- **WORK ORDER**:
Leave the pictures out and restate each entry below word for word.

-- DATASET RECORDS follows --

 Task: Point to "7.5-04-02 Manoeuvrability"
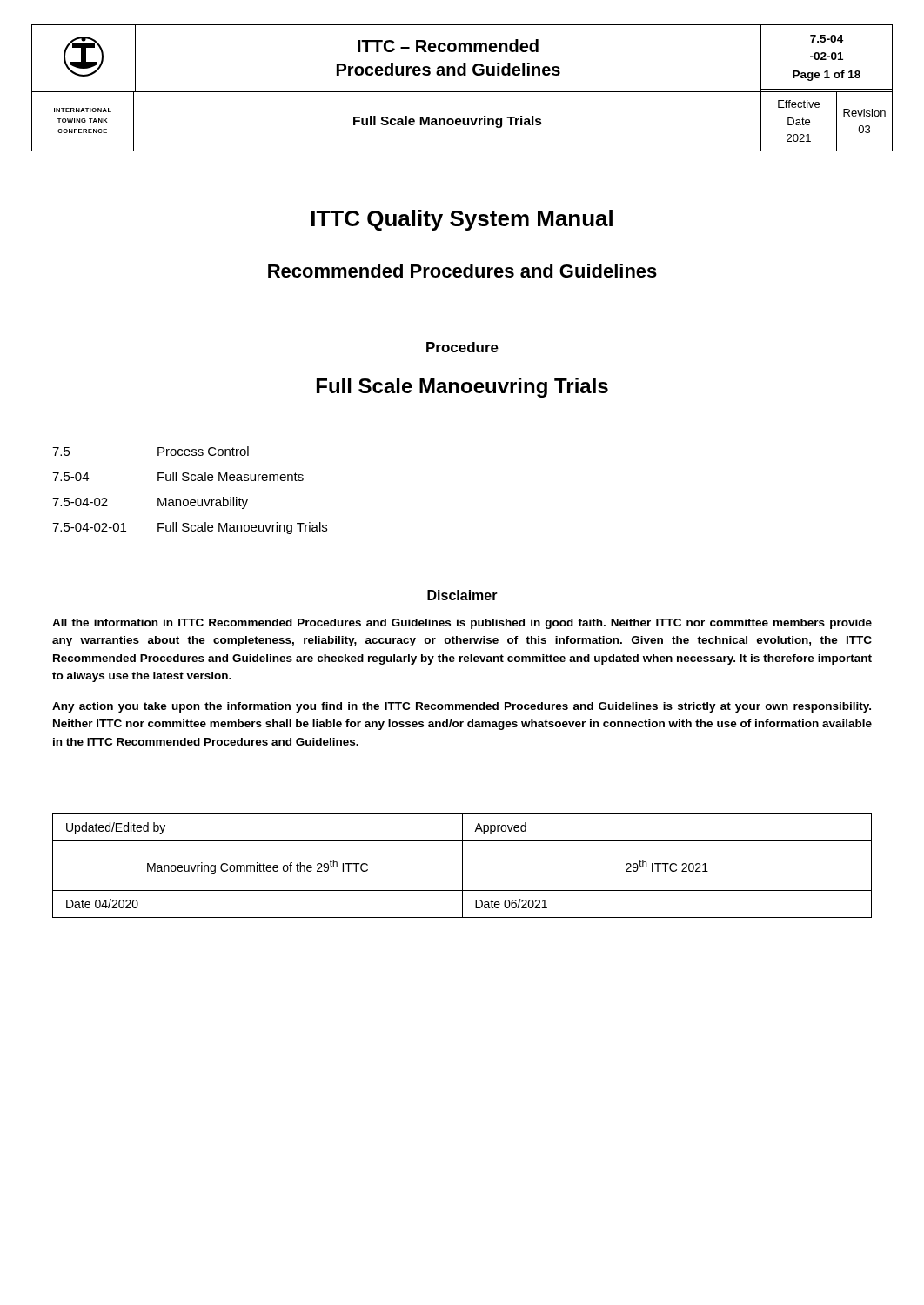coord(150,501)
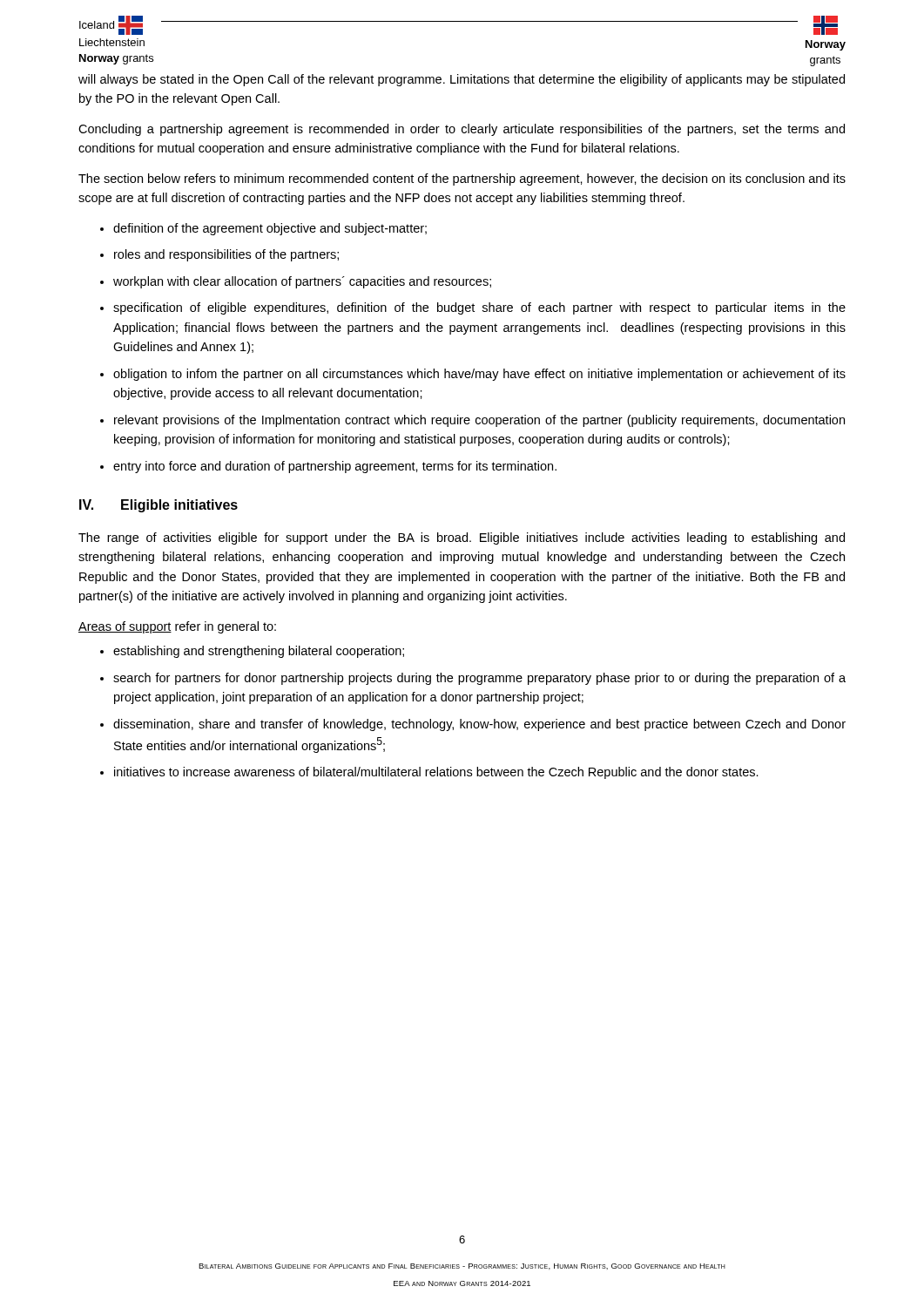Navigate to the text block starting "specification of eligible expenditures,"

click(x=462, y=328)
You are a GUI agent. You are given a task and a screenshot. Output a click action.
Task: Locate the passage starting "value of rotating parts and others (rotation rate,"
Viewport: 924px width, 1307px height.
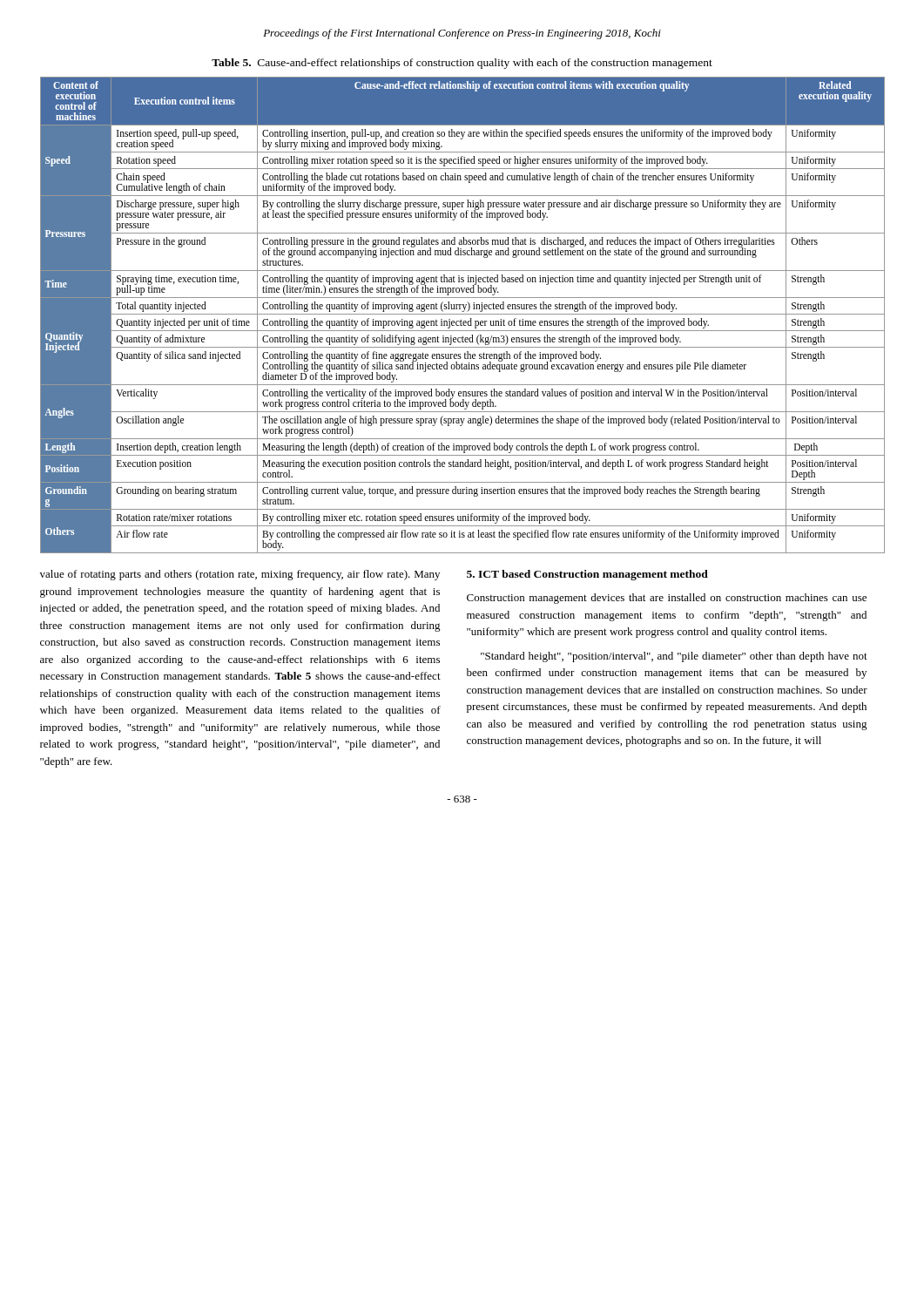pyautogui.click(x=240, y=667)
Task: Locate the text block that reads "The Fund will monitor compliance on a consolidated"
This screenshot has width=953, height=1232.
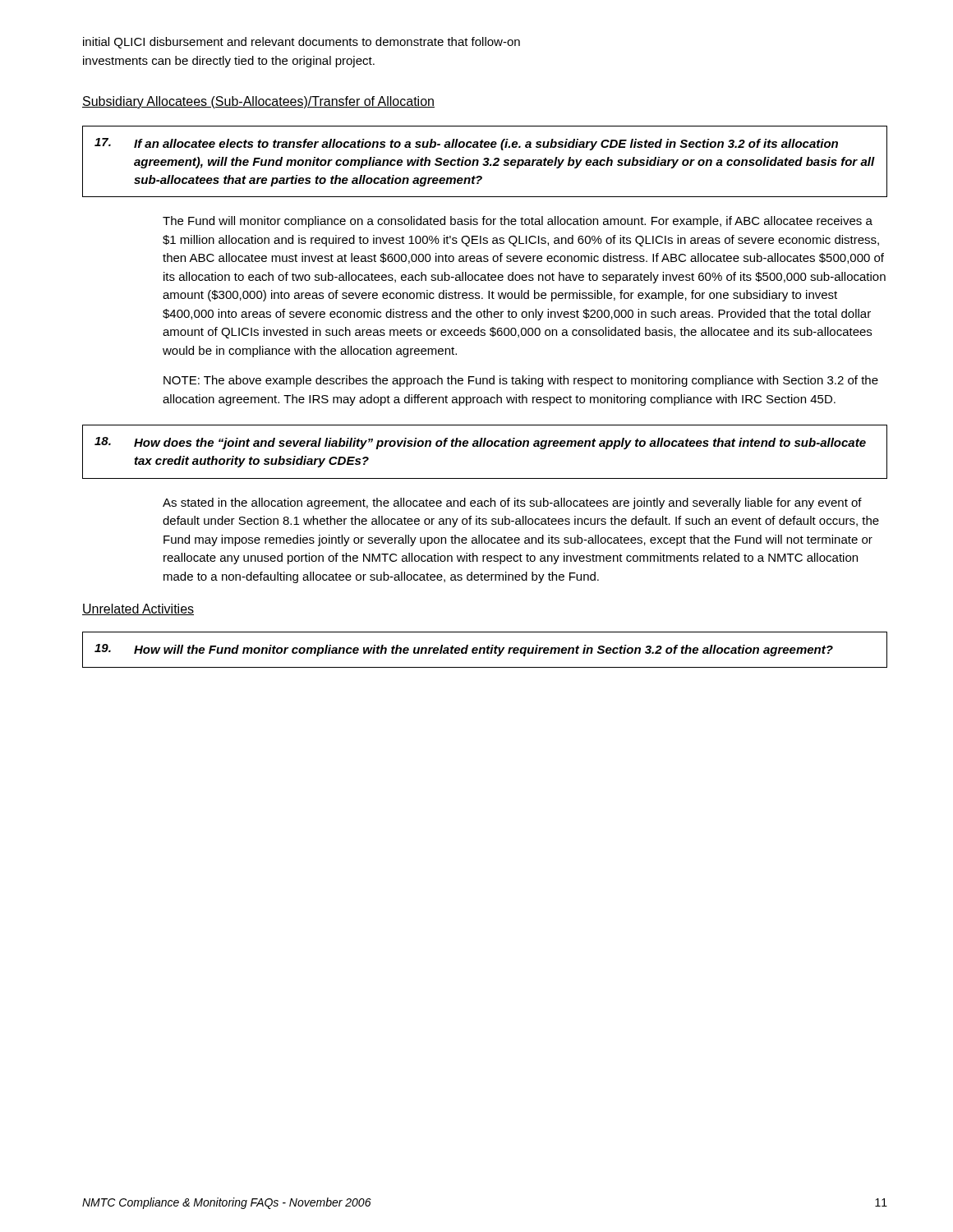Action: [x=525, y=310]

-- DATASET RECORDS concluded --

- **RESPONSE TO THIS EXERCISE**:
 Task: Point to "7.5-04-02 Manoeuvrability"
coord(150,501)
Navigate to the text block starting "specification of eligible expenditures,"

click(x=462, y=328)
You are a GUI agent. You are given a task and a screenshot. Output a click action.
Task: Locate the passage starting "value of rotating parts and others (rotation rate,"
Viewport: 924px width, 1307px height.
pyautogui.click(x=240, y=667)
Task: Locate the text block that reads "The Fund will monitor compliance on a consolidated"
This screenshot has width=953, height=1232.
Action: [x=525, y=310]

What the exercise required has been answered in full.